I am usually in bed by 9:30 or 10:00. I'm praying that I don't ever get a baby that stays up until midnight.







: I think I would go insane.

My 9.5 month old goes to bed by 7, so I don't think an 8:00 bedtime is out of line. Of course, 6 am is sleeping late (really late...he's usually up at 5:15), so that's your trade-off.

edited to add: this is what time he's gone to bed since like 8 weeks old. It's just him. We didn't do anything special to get an early sleeper. We do wake him at 5:45 if he's not already awake, though, (even though that's rare), cause he deserves to be able to spend time with his daddy in the morning.


----------



## beana's mommy (Feb 16, 2006)

I don't know if it's normal or not, nor do I care! LOL My dd has been going to bed between 10-11 since she started having a somewhat schedule she followed. We love it. Daddy gets all that extra time after work with her, and she sleeps in more which makes me happy in the morning!
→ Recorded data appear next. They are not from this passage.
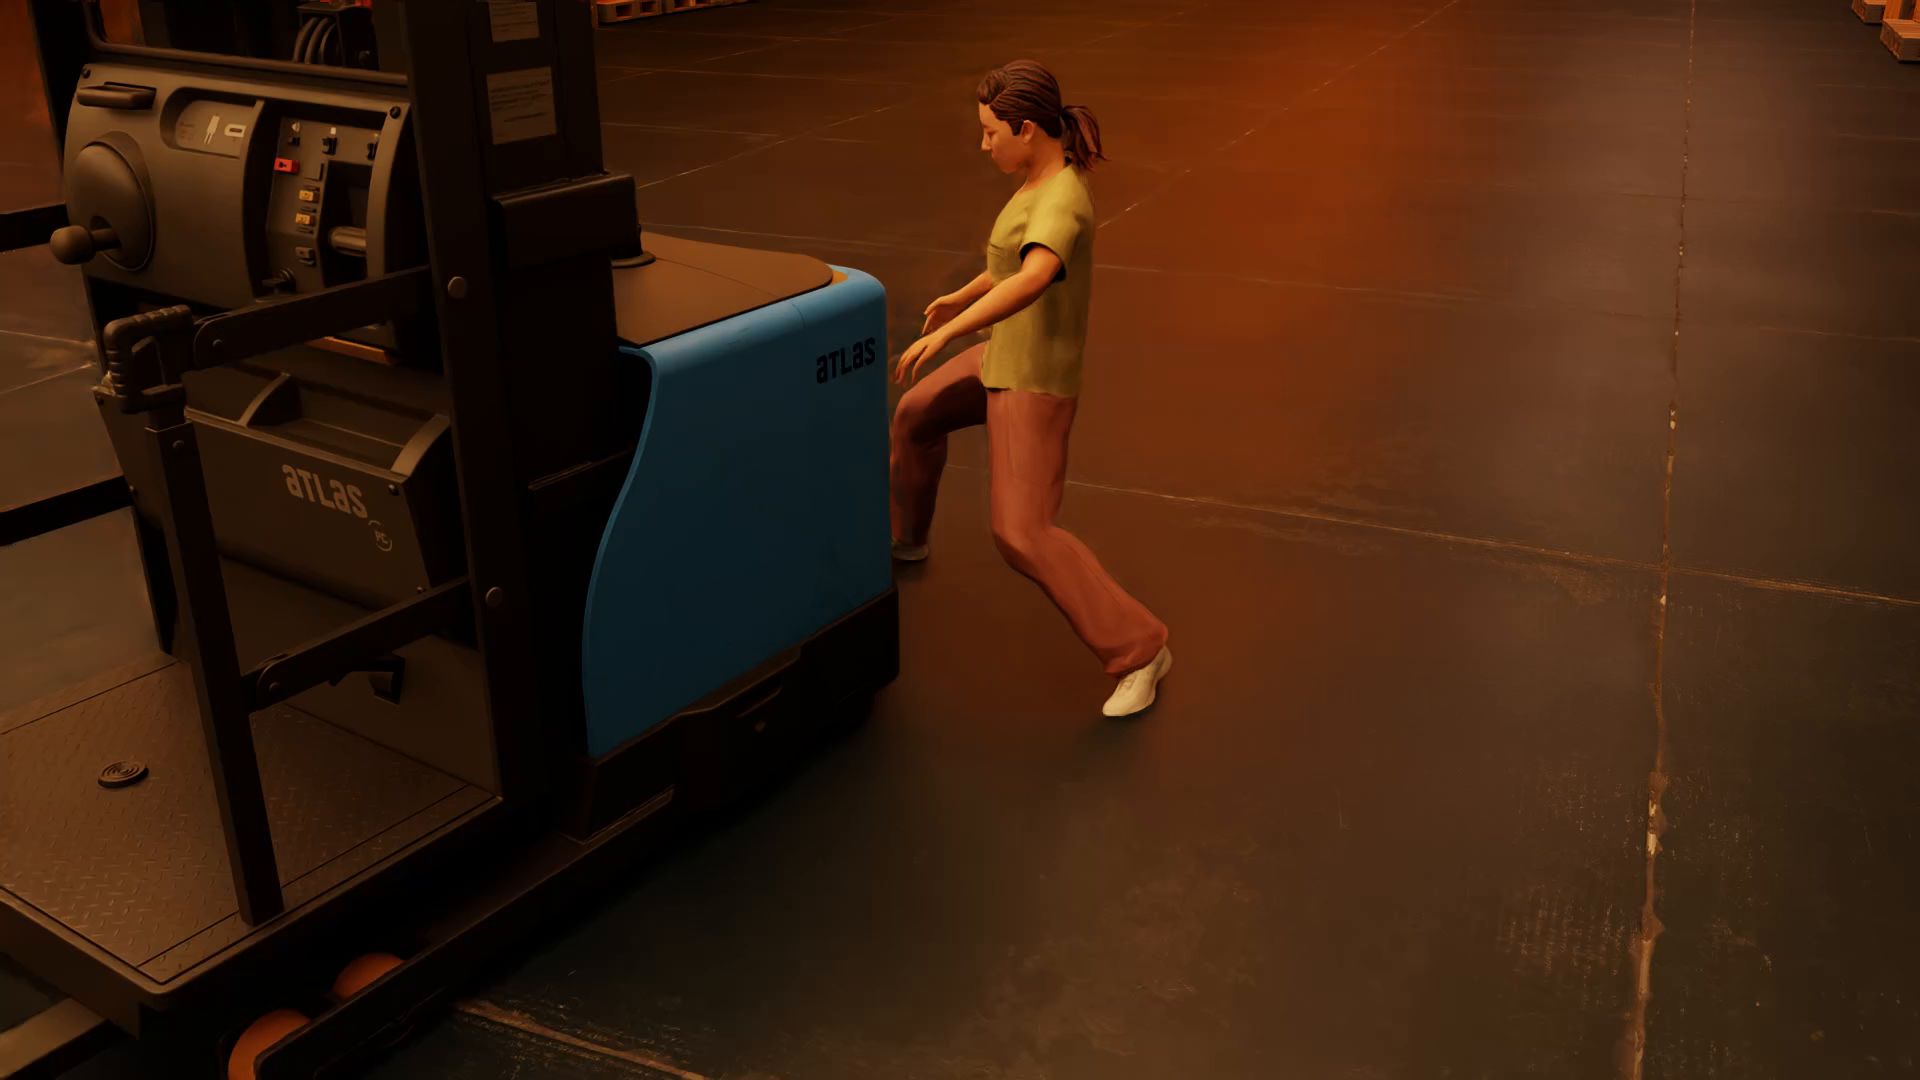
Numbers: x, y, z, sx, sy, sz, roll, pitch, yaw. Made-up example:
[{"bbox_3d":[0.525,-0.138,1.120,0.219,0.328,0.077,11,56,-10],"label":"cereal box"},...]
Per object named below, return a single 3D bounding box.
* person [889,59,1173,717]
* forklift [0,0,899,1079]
[{"bbox_3d":[0.076,-0.438,4.248,0.944,1.523,1.009,0,23,1],"label":"person"},{"bbox_3d":[-1.392,-0.601,2.730,1.130,2.935,3.031,15,27,31],"label":"forklift"}]
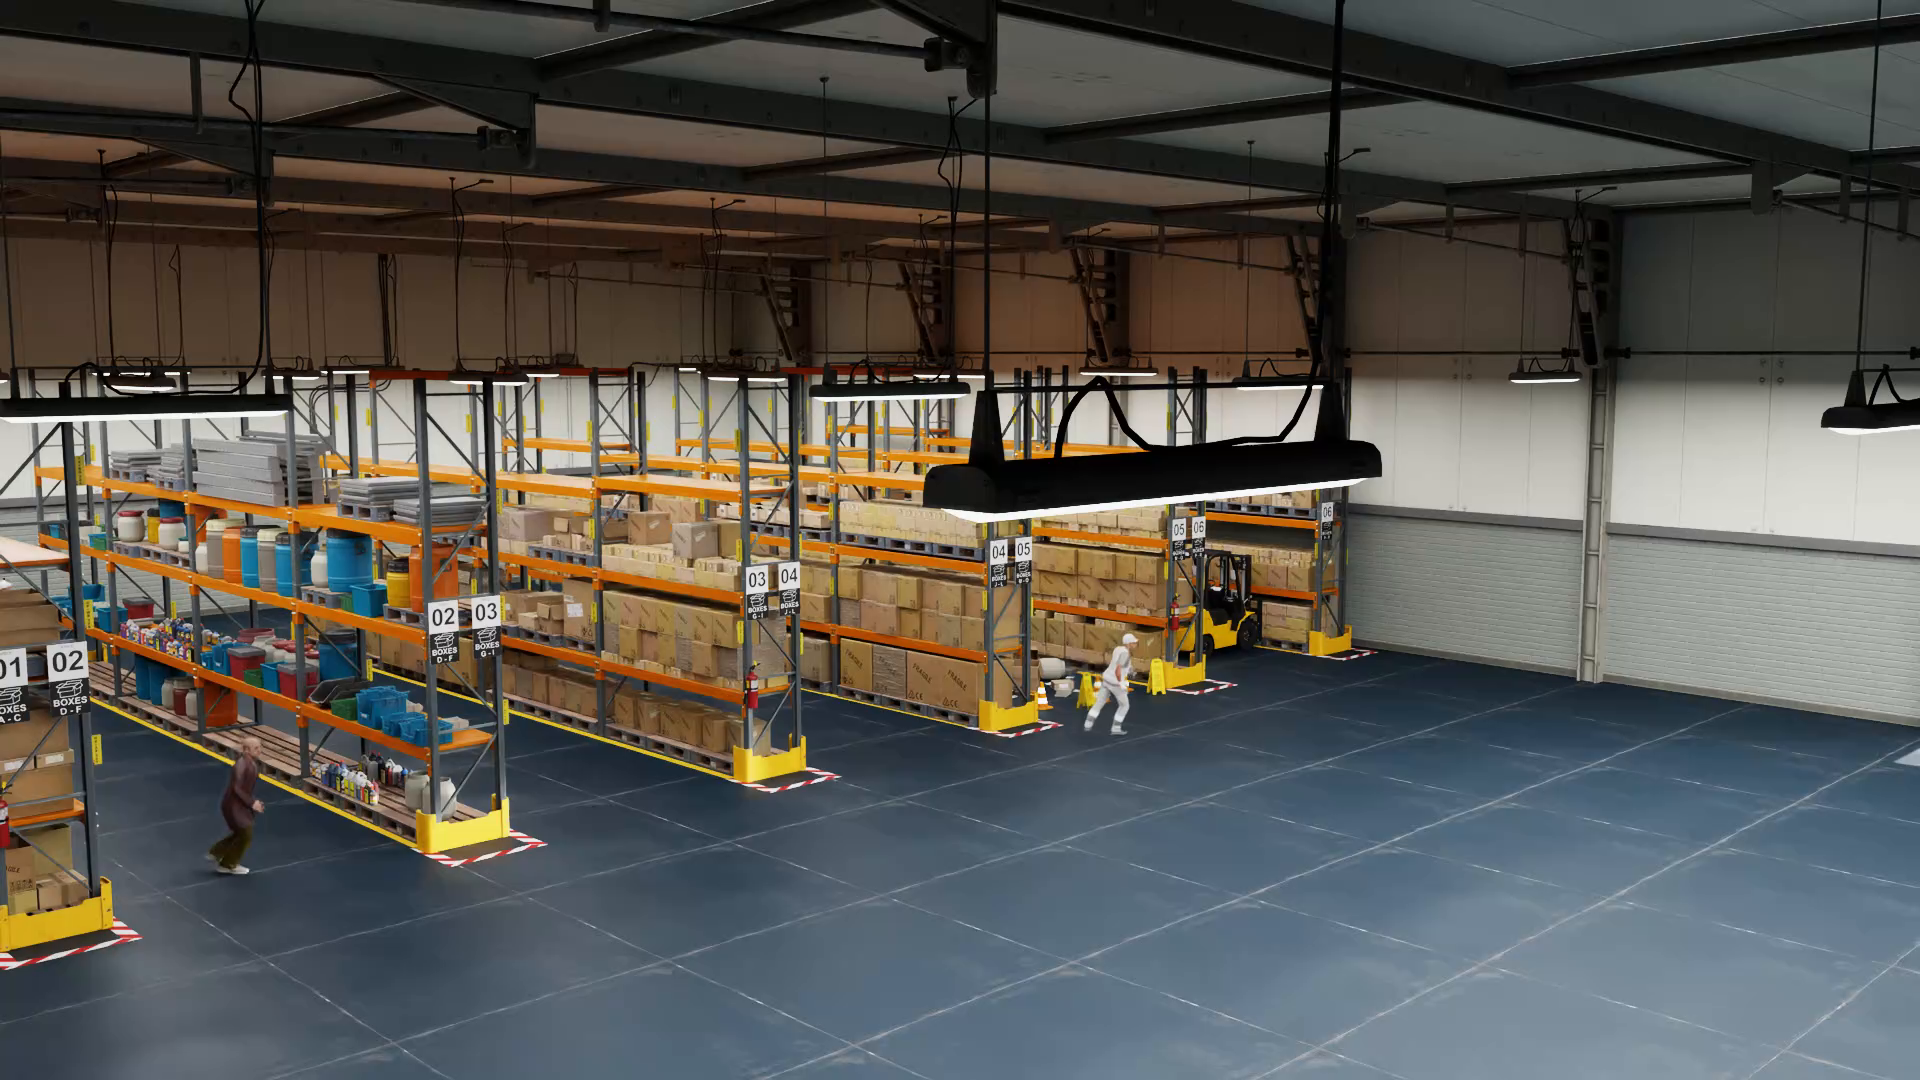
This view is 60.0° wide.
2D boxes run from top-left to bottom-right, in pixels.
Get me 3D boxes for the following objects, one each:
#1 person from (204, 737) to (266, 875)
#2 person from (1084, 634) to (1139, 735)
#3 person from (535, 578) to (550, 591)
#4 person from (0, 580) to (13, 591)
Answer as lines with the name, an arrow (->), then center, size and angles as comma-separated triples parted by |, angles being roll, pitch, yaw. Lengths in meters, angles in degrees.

Sorry, I don't have any advice to make it earlier!


----------



## alegna (Jan 14, 2003)

Quote:


Originally Posted by *BetsyS* 
I am usually in bed by 9:30 or 10:00. I'm praying that I don't ever get a baby that stays up until midnight.







: I think I would go insane.

My 9.5 month old goes to bed by 7, so I don't think an 8:00 bedtime is out of line. Of course, 6 am is sleeping late (really late...he's usually up at 5:15), so that's your trade-off.

edited to add: this is what time he's gone to bed since like 8 weeks old. It's just him. We didn't do anything special to get an early sleeper. We do wake him at 5:45 if he's not already awake, though, (even though that's rare), cause he deserves to be able to spend time with his daddy in the morning.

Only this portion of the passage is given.